Regularized ensemble correlation filter tracking

Abstract

Correlation Filter based visual trackers have demonstrated tremendous progress in object tracking. These trackers primarily use hierarchical features learned from multiple layers of a deep network. However, issues related to background awareness, deterministic aggregation of these features from various layers, difficulties in estimating variations in scale or rotation of the object being tracked, as well as challenges in effectively modelling the object’s appearance over long time periods leaves substantial scope to improve performance. Such issues lead to poor discriminative power and rapidly drift the tracker away from the target. We propose ensemble and regularization techniques to achieve a strong discriminative ability for object trackers. We first obtain an ensemble of weak correlation filters using an adaptive weighing strategy and an appearance model pool to adapt to large appearance changes. Further, the target scale and rotation parameters are estimated using a dedicated affine correlation filter. Our experiments reveal that each feature channel encodes a different appearance cue of the target and not all channels are equally important during different tracking steps. To this end, we propose a graph based adaptive channel weighing strategy that assigns weight to each channel based on the similarity of encoded appearance information.
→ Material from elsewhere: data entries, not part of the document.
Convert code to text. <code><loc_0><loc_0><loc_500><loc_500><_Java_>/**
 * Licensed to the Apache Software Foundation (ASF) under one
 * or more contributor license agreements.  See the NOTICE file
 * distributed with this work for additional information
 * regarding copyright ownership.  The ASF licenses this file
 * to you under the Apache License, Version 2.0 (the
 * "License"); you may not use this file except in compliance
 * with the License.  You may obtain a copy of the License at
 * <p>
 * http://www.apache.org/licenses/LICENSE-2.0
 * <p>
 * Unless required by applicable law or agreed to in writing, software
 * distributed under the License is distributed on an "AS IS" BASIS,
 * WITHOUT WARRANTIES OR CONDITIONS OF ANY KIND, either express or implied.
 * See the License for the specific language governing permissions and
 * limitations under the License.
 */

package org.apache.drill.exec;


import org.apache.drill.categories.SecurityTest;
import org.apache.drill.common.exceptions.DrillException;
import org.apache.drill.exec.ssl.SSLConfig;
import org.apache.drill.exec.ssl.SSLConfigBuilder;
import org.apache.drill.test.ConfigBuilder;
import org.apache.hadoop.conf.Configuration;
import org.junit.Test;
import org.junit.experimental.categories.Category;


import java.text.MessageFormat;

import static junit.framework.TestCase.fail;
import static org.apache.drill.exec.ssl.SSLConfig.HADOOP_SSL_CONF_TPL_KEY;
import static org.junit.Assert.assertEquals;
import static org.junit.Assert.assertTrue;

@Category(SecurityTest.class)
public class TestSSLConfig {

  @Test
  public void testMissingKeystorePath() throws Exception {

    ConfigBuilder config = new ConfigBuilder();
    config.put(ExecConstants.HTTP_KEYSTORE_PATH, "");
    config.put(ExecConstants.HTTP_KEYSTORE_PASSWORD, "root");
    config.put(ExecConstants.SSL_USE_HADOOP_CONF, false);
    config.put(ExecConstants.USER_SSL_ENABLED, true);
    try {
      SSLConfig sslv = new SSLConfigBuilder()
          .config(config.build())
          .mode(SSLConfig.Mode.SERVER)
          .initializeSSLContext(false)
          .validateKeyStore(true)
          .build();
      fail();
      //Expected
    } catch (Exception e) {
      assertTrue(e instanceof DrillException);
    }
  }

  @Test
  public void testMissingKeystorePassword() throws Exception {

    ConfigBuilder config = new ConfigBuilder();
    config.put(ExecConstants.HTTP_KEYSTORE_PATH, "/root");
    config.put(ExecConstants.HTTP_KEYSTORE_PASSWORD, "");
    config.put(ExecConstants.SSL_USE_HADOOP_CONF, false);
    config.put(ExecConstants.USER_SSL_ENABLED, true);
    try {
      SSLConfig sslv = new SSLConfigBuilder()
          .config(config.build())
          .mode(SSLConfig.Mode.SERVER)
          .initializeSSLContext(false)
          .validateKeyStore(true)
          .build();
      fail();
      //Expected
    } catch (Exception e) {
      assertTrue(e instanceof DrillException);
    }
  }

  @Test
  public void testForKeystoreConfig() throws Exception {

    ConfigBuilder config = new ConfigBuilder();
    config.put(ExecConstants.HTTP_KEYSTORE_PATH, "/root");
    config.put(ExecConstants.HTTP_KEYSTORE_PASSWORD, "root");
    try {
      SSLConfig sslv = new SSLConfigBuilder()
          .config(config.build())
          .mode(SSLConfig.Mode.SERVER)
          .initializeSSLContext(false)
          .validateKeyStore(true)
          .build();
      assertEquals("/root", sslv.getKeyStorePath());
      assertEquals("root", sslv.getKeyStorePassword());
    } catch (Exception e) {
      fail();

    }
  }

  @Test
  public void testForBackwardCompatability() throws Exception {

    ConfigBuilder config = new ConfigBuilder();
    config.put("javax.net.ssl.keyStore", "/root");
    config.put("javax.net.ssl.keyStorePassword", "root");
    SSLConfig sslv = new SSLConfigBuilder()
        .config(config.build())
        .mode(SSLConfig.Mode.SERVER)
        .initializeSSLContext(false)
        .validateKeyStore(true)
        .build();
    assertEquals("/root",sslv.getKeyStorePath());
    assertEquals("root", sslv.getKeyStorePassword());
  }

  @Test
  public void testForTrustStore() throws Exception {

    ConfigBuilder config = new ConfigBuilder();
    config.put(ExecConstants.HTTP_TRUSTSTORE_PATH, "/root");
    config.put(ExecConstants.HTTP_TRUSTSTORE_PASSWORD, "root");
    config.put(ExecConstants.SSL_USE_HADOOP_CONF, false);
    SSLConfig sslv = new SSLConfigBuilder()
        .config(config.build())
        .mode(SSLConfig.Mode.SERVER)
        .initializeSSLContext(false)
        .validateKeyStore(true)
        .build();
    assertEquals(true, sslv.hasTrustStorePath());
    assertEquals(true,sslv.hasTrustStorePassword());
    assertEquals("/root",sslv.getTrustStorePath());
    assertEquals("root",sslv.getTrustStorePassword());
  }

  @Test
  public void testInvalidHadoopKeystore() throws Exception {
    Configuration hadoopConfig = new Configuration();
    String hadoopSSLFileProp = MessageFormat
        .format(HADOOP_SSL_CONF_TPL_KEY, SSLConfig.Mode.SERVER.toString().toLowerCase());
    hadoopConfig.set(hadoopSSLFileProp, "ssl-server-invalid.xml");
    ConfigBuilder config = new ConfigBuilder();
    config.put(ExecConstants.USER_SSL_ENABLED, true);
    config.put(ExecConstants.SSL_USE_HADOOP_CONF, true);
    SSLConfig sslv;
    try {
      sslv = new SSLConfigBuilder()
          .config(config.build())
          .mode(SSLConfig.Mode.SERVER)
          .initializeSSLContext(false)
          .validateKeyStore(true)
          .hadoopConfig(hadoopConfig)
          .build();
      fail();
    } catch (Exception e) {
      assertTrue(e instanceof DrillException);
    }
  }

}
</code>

In order to model the channel importance and improve background awareness simultaneously, we introduce a sparse spatio-temporal regularizer with adaptive channel weights. We further kernelize the tracker to attain real-time performance. We extensively evaluate the trackers using publicly available datasets—Object Tracking Benchmark (OTB100), Visual Object Tracking (VOT) Benchmark 2016, VOT Benchmark 2017, Tracking Dataset, VOT Benchmark 2019, Temple Color 128, UAV123, LaSOT, and GOT10k.